Study material section start

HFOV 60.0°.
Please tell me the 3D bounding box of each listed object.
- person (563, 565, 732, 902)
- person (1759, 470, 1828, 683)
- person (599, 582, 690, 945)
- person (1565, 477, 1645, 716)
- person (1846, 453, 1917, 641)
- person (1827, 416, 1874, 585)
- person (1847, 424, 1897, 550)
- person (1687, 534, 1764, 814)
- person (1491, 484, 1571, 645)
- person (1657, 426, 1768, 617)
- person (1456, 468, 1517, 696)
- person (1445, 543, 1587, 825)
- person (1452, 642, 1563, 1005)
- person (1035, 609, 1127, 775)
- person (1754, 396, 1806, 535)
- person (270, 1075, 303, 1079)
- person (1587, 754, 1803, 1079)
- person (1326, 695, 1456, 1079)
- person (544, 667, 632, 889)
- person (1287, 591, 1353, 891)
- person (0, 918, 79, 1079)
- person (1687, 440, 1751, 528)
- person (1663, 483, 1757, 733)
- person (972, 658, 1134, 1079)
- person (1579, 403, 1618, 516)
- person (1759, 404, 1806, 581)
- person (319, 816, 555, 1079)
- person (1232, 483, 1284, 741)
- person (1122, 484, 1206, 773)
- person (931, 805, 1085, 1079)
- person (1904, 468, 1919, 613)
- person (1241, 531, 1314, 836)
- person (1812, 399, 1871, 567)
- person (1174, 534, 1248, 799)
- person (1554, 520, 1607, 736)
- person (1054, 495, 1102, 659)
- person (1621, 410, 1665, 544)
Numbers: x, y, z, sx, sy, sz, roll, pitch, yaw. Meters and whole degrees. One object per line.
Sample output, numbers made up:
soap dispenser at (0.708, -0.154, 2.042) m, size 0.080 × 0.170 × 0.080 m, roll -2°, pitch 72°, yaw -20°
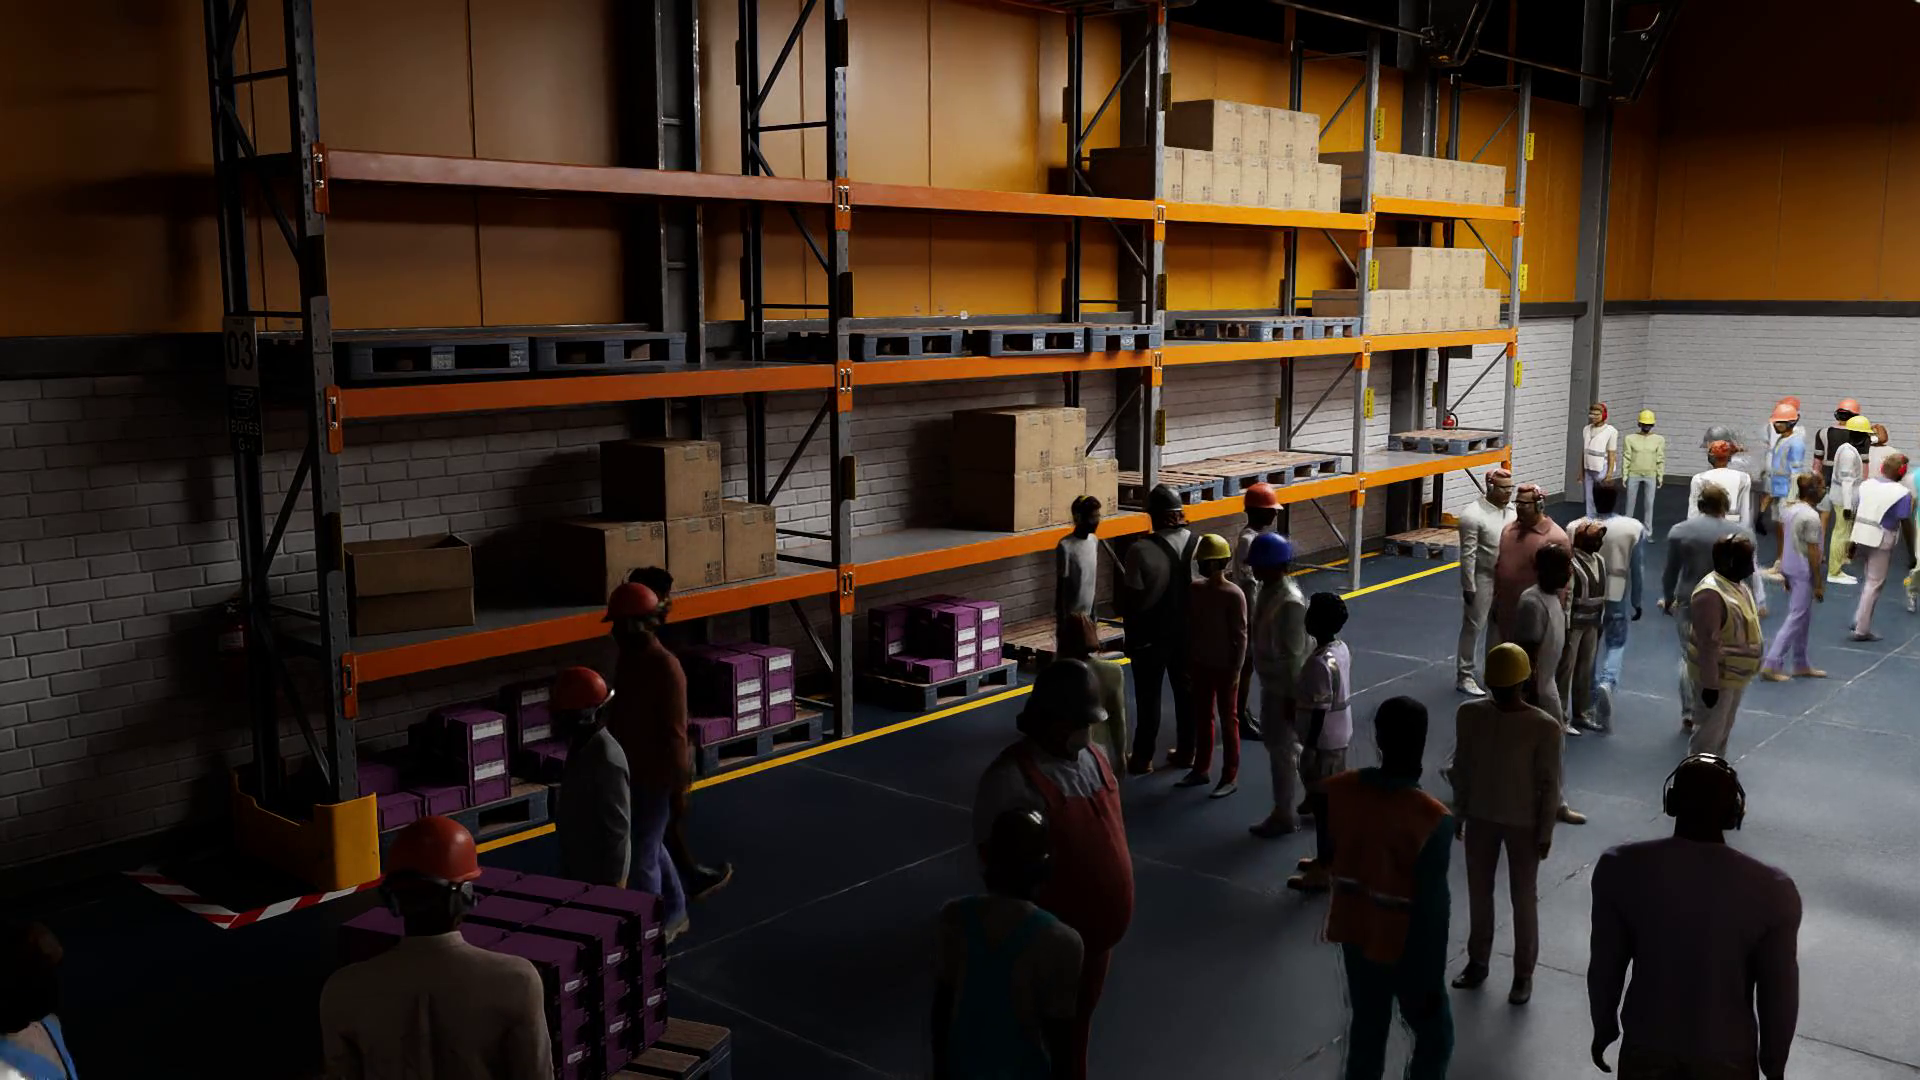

Study material section end

Activity:
Could every line above be set down exactly, with the pictures omitted?

Result:
HFOV 60.0°.
Please tell me the 3D bounding box of each listed object.
- person (563, 565, 732, 902)
- person (1759, 470, 1828, 683)
- person (599, 582, 690, 945)
- person (1565, 477, 1645, 716)
- person (1846, 453, 1917, 641)
- person (1827, 416, 1874, 585)
- person (1847, 424, 1897, 550)
- person (1687, 534, 1764, 814)
- person (1491, 484, 1571, 645)
- person (1657, 426, 1768, 617)
- person (1456, 468, 1517, 696)
- person (1445, 543, 1587, 825)
- person (1452, 642, 1563, 1005)
- person (1035, 609, 1127, 775)
- person (1754, 396, 1806, 535)
- person (270, 1075, 303, 1079)
- person (1587, 754, 1803, 1079)
- person (1326, 695, 1456, 1079)
- person (544, 667, 632, 889)
- person (1287, 591, 1353, 891)
- person (0, 918, 79, 1079)
- person (1687, 440, 1751, 528)
- person (1663, 483, 1757, 733)
- person (972, 658, 1134, 1079)
- person (1579, 403, 1618, 516)
- person (1759, 404, 1806, 581)
- person (319, 816, 555, 1079)
- person (1232, 483, 1284, 741)
- person (1122, 484, 1206, 773)
- person (931, 805, 1085, 1079)
- person (1904, 468, 1919, 613)
- person (1241, 531, 1314, 836)
- person (1812, 399, 1871, 567)
- person (1174, 534, 1248, 799)
- person (1554, 520, 1607, 736)
- person (1054, 495, 1102, 659)
- person (1621, 410, 1665, 544)
Numbers: x, y, z, sx, sy, sz, roll, pitch, yaw. Meters and whole degrees. One object per line.
Sample output, numbers made up:
soap dispenser at (0.708, -0.154, 2.042) m, size 0.080 × 0.170 × 0.080 m, roll -2°, pitch 72°, yaw -20°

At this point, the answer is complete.